* **Exercise**
Note the line where "Do the same for the cardboard box (997,265,999,272)." appears in the data below; write it out exactly, along with every line that comes after it to the end.

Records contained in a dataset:
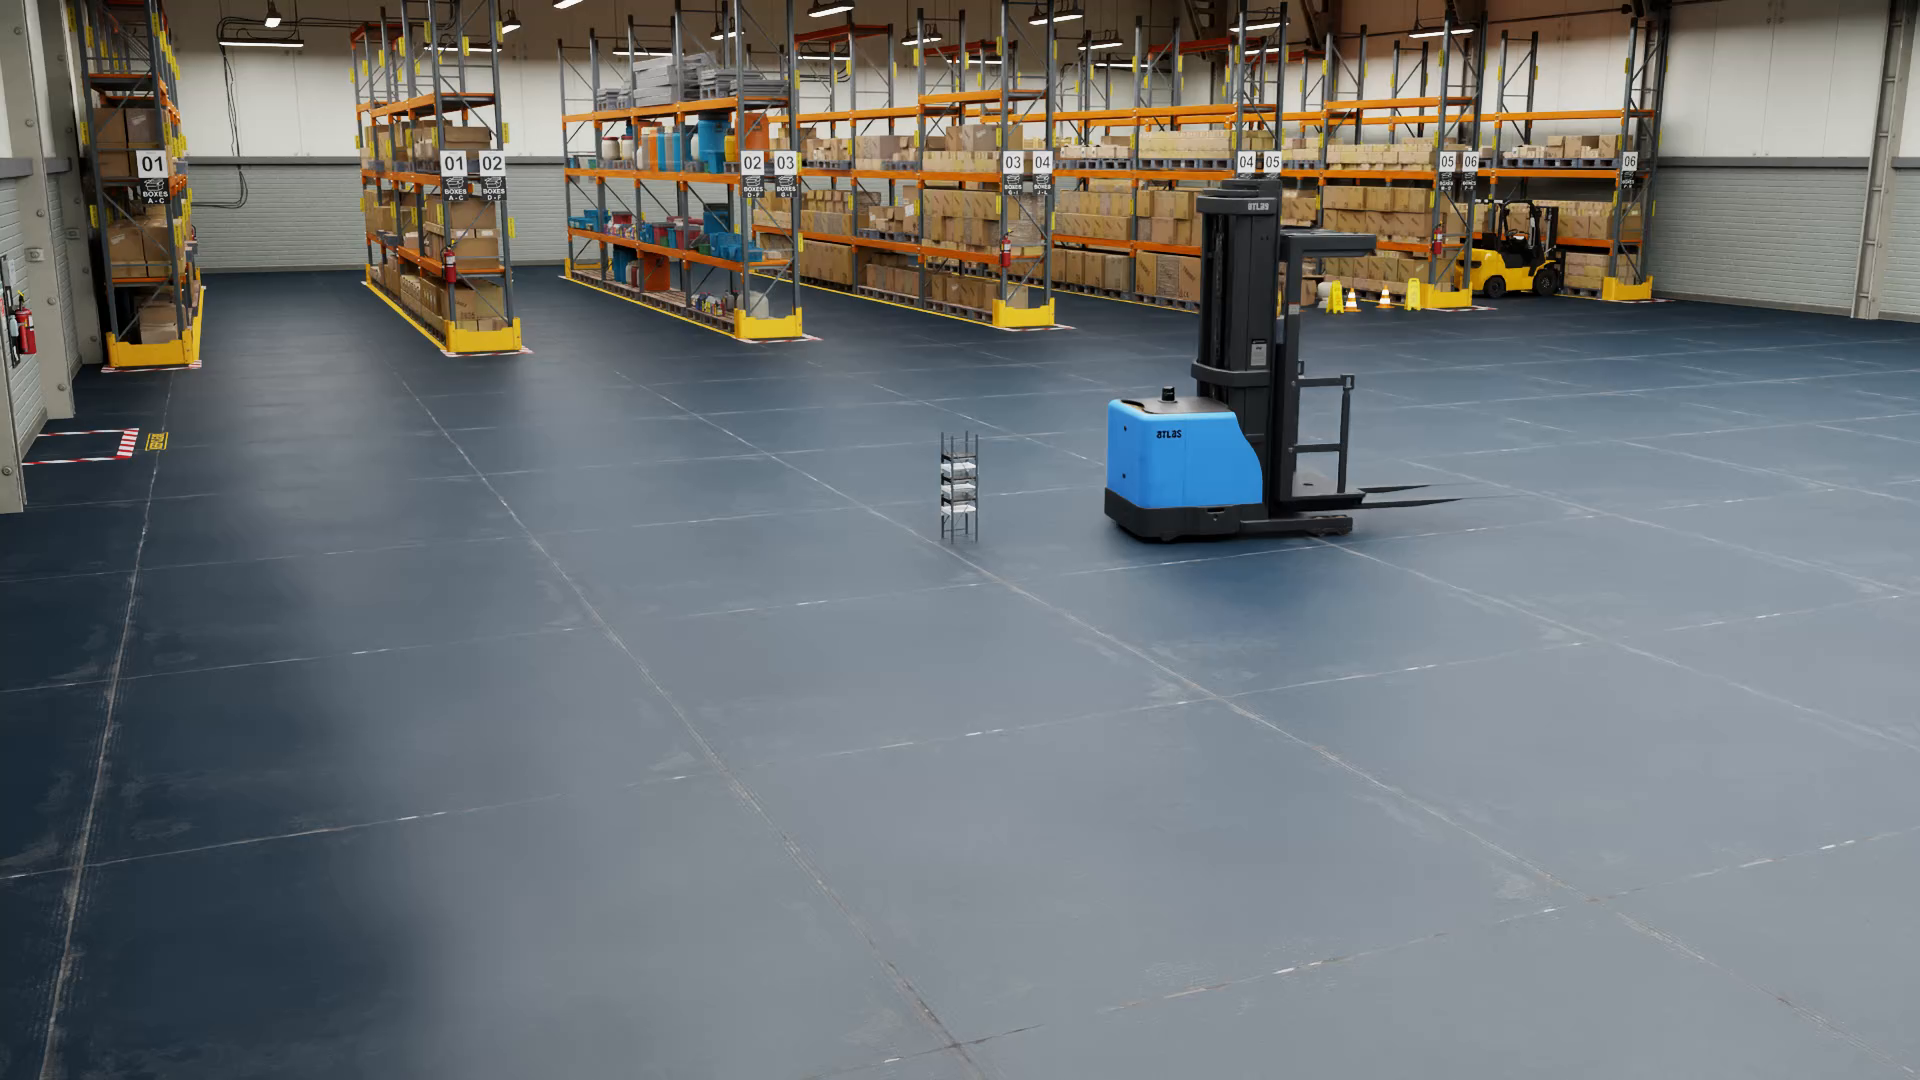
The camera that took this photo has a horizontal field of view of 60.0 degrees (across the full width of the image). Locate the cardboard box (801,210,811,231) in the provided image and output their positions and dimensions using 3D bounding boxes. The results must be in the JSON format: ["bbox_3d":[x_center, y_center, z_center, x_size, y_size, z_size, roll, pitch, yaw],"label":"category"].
[{"bbox_3d":[-3.625,-7.906,41.154,0.500,0.500,0.500,-6,14,-23],"label":"cardboard box"}]

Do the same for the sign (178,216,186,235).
[{"bbox_3d":[-13.497,-5.452,28.853,0.100,0.325,0.005,-6,14,-23],"label":"sign"}]

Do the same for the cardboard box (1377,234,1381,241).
[{"bbox_3d":[9.366,-6.644,36.479,0.380,0.149,0.250,-6,14,-23],"label":"cardboard box"}]

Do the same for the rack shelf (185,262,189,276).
[{"bbox_3d":[-14.793,-5.042,30.599,1.077,0.370,4.000,-6,14,-23],"label":"rack shelf"}]

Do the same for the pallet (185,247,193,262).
[{"bbox_3d":[-14.164,-5.057,29.493,1.003,0.211,1.213,-6,14,-23],"label":"pallet"}]

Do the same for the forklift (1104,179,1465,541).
[{"bbox_3d":[2.837,-1.569,14.149,3.031,2.935,1.130,-3,13,-13],"label":"forklift"}]

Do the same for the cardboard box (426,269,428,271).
[{"bbox_3d":[-11.388,-5.582,35.905,0.500,0.500,0.500,-6,14,-24],"label":"cardboard box"}]

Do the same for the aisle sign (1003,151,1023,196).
[{"bbox_3d":[0.976,-6.722,30.496,0.394,0.787,0.004,-6,14,-23],"label":"aisle sign"}]

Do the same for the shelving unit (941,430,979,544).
[{"bbox_3d":[-0.003,-0.440,13.776,0.258,0.900,0.210,-6,14,-23],"label":"shelving unit"}]

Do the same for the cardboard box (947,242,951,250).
[{"bbox_3d":[-0.042,-5.872,33.145,0.380,0.149,0.250,-6,14,-23],"label":"cardboard box"}]

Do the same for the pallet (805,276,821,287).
[{"bbox_3d":[-3.202,-6.463,41.328,1.003,0.211,1.213,-6,14,-23],"label":"pallet"}]

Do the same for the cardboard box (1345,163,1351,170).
[{"bbox_3d":[8.859,-8.369,37.282,0.380,0.149,0.250,-6,14,-23],"label":"cardboard box"}]

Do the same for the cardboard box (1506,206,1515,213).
[{"bbox_3d":[13.243,-7.888,39.637,0.380,0.149,0.250,-5,14,-22],"label":"cardboard box"}]

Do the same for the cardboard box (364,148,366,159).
[{"bbox_3d":[-13.894,-9.202,39.550,0.500,0.250,0.500,-6,14,-23],"label":"cardboard box"}]

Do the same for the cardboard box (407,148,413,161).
[{"bbox_3d":[-10.823,-7.758,33.488,0.500,0.250,0.500,-7,15,-27],"label":"cardboard box"}]

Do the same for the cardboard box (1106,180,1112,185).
[{"bbox_3d":[4.369,-10.125,47.088,0.380,0.149,0.250,-6,14,-24],"label":"cardboard box"}]

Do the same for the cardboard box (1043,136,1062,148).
[{"bbox_3d":[2.207,-9.518,39.772,0.396,0.266,0.258,-6,14,-23],"label":"cardboard box"}]

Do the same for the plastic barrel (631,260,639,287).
[{"bbox_3d":[-7.180,-6.063,37.832,0.600,0.588,0.708,-6,14,-23],"label":"plastic barrel"}]

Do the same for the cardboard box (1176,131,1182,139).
[{"bbox_3d":[4.653,-8.309,34.103,0.380,0.149,0.250,-6,14,-23],"label":"cardboard box"}]

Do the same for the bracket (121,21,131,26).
[{"bbox_3d":[-20.181,-12.561,40.203,0.235,0.232,0.430,-6,14,-23],"label":"bracket"}]

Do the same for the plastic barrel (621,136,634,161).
[{"bbox_3d":[-7.365,-8.786,37.292,0.433,0.535,0.433,0,13,0],"label":"plastic barrel"}]

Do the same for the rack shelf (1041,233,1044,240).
[{"bbox_3d":[1.806,-7.638,41.814,1.077,0.370,4.000,-6,14,-23],"label":"rack shelf"}]

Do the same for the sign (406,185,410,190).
[{"bbox_3d":[-13.744,-8.671,41.414,0.100,0.325,0.005,-6,14,-23],"label":"sign"}]

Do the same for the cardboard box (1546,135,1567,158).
[{"bbox_3d":[13.935,-9.019,38.151,0.797,0.503,0.637,-5,14,-21],"label":"cardboard box"}]

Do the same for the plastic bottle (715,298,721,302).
[{"bbox_3d":[-4.599,-4.449,31.506,0.152,0.276,0.135,-6,14,-23],"label":"plastic bottle"}]

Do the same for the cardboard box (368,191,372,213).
[{"bbox_3d":[-13.708,-8.011,39.393,0.500,0.500,0.500,-6,14,-23],"label":"cardboard box"}]

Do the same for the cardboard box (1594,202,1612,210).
[{"bbox_3d":[14.389,-7.452,37.097,0.380,0.149,0.250,-6,14,-23],"label":"cardboard box"}]

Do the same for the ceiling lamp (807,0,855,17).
[{"bbox_3d":[-2.296,-11.866,32.236,0.800,3.185,2.000,-6,14,-23],"label":"ceiling lamp"}]

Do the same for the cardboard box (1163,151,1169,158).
[{"bbox_3d":[4.453,-8.025,34.643,0.380,0.149,0.250,-6,14,-24],"label":"cardboard box"}]

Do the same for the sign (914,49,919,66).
[{"bbox_3d":[-0.882,-9.725,33.510,0.100,0.325,0.005,-6,14,-23],"label":"sign"}]

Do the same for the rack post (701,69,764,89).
[{"bbox_3d":[-4.117,-8.331,30.078,0.937,0.300,0.954,-6,14,-24],"label":"rack post"}]

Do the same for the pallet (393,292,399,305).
[{"bbox_3d":[-11.806,-5.305,36.323,1.003,0.211,1.213,-6,14,-23],"label":"pallet"}]

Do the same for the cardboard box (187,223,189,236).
[{"bbox_3d":[-16.567,-6.659,35.061,0.500,0.500,0.500,-6,14,-23],"label":"cardboard box"}]

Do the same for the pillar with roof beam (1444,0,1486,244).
[{"bbox_3d":[9.052,-10.838,40.742,9.100,9.000,0.548,-6,14,-23],"label":"pillar with roof beam"}]

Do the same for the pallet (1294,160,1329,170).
[{"bbox_3d":[8.555,-8.724,38.675,1.213,0.211,1.003,-6,14,-23],"label":"pallet"}]

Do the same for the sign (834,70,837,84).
[{"bbox_3d":[-3.088,-11.442,41.105,0.100,0.325,0.005,-6,14,-23],"label":"sign"}]

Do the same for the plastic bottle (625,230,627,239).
[{"bbox_3d":[-7.464,-6.863,37.311,0.097,0.201,0.097,0,13,0],"label":"plastic bottle"}]

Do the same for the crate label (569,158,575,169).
[{"bbox_3d":[-9.647,-9.523,42.040,0.408,0.251,0.502,-6,14,-23],"label":"crate label"}]

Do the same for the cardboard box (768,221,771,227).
[{"bbox_3d":[-4.826,-8.310,43.680,0.380,0.149,0.250,-6,14,-24],"label":"cardboard box"}]

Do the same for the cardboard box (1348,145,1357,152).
[{"bbox_3d":[8.841,-8.687,36.886,0.380,0.149,0.250,-6,14,-23],"label":"cardboard box"}]

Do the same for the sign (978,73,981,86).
[{"bbox_3d":[0.500,-11.773,42.532,0.100,0.325,0.005,-6,14,-23],"label":"sign"}]

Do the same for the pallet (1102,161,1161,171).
[{"bbox_3d":[3.797,-8.302,36.860,0.805,0.209,1.217,-6,14,-25],"label":"pallet"}]

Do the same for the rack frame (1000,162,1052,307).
[{"bbox_3d":[1.226,-5.495,30.961,1.000,3.000,0.127,-6,14,-23],"label":"rack frame"}]

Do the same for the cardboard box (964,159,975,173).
[{"bbox_3d":[0.400,-7.170,31.876,0.500,0.250,0.500,-5,14,-22],"label":"cardboard box"}]

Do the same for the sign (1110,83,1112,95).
[{"bbox_3d":[4.400,-13.158,48.520,0.100,0.325,0.005,-6,14,-23],"label":"sign"}]

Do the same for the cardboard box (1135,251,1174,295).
[{"bbox_3d":[4.397,-5.782,35.981,0.875,0.875,0.875,-5,14,-22],"label":"cardboard box"}]

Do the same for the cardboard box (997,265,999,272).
[{"bbox_3d":[1.271,-7.103,42.518,0.500,0.500,0.500,-5,14,-20],"label":"cardboard box"}]

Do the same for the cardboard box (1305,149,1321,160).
[{"bbox_3d":[8.338,-8.917,38.495,0.500,0.250,0.500,-6,14,-24],"label":"cardboard box"}]

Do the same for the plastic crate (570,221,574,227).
[{"bbox_3d":[-9.871,-8.100,42.666,0.250,0.136,0.298,-6,14,-23],"label":"plastic crate"}]

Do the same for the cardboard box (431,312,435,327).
[{"bbox_3d":[-8.949,-3.859,29.059,0.500,0.250,0.500,-6,14,-23],"label":"cardboard box"}]

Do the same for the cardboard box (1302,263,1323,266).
[{"bbox_3d":[8.201,-6.398,39.756,0.950,0.372,0.625,-5,14,-19],"label":"cardboard box"}]

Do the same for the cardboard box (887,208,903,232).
[{"bbox_3d":[-1.155,-6.926,35.984,0.797,0.503,0.637,-4,14,-17],"label":"cardboard box"}]

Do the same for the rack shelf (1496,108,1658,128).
[{"bbox_3d":[14.052,-9.630,38.004,1.077,0.370,4.000,-6,14,-23],"label":"rack shelf"}]

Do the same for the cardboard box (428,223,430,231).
[{"bbox_3d":[-9.318,-5.614,29.815,0.380,0.149,0.250,-6,14,-24],"label":"cardboard box"}]

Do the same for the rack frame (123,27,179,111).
[{"bbox_3d":[-18.798,-10.381,38.768,1.000,3.000,0.127,-6,14,-23],"label":"rack frame"}]

* **Result**
Do the same for the cardboard box (997,265,999,272).
[{"bbox_3d":[1.271,-7.103,42.518,0.500,0.500,0.500,-5,14,-20],"label":"cardboard box"}]

Do the same for the cardboard box (1305,149,1321,160).
[{"bbox_3d":[8.338,-8.917,38.495,0.500,0.250,0.500,-6,14,-24],"label":"cardboard box"}]

Do the same for the plastic crate (570,221,574,227).
[{"bbox_3d":[-9.871,-8.100,42.666,0.250,0.136,0.298,-6,14,-23],"label":"plastic crate"}]

Do the same for the cardboard box (431,312,435,327).
[{"bbox_3d":[-8.949,-3.859,29.059,0.500,0.250,0.500,-6,14,-23],"label":"cardboard box"}]

Do the same for the cardboard box (1302,263,1323,266).
[{"bbox_3d":[8.201,-6.398,39.756,0.950,0.372,0.625,-5,14,-19],"label":"cardboard box"}]

Do the same for the cardboard box (887,208,903,232).
[{"bbox_3d":[-1.155,-6.926,35.984,0.797,0.503,0.637,-4,14,-17],"label":"cardboard box"}]

Do the same for the rack shelf (1496,108,1658,128).
[{"bbox_3d":[14.052,-9.630,38.004,1.077,0.370,4.000,-6,14,-23],"label":"rack shelf"}]

Do the same for the cardboard box (428,223,430,231).
[{"bbox_3d":[-9.318,-5.614,29.815,0.380,0.149,0.250,-6,14,-24],"label":"cardboard box"}]

Do the same for the rack frame (123,27,179,111).
[{"bbox_3d":[-18.798,-10.381,38.768,1.000,3.000,0.127,-6,14,-23],"label":"rack frame"}]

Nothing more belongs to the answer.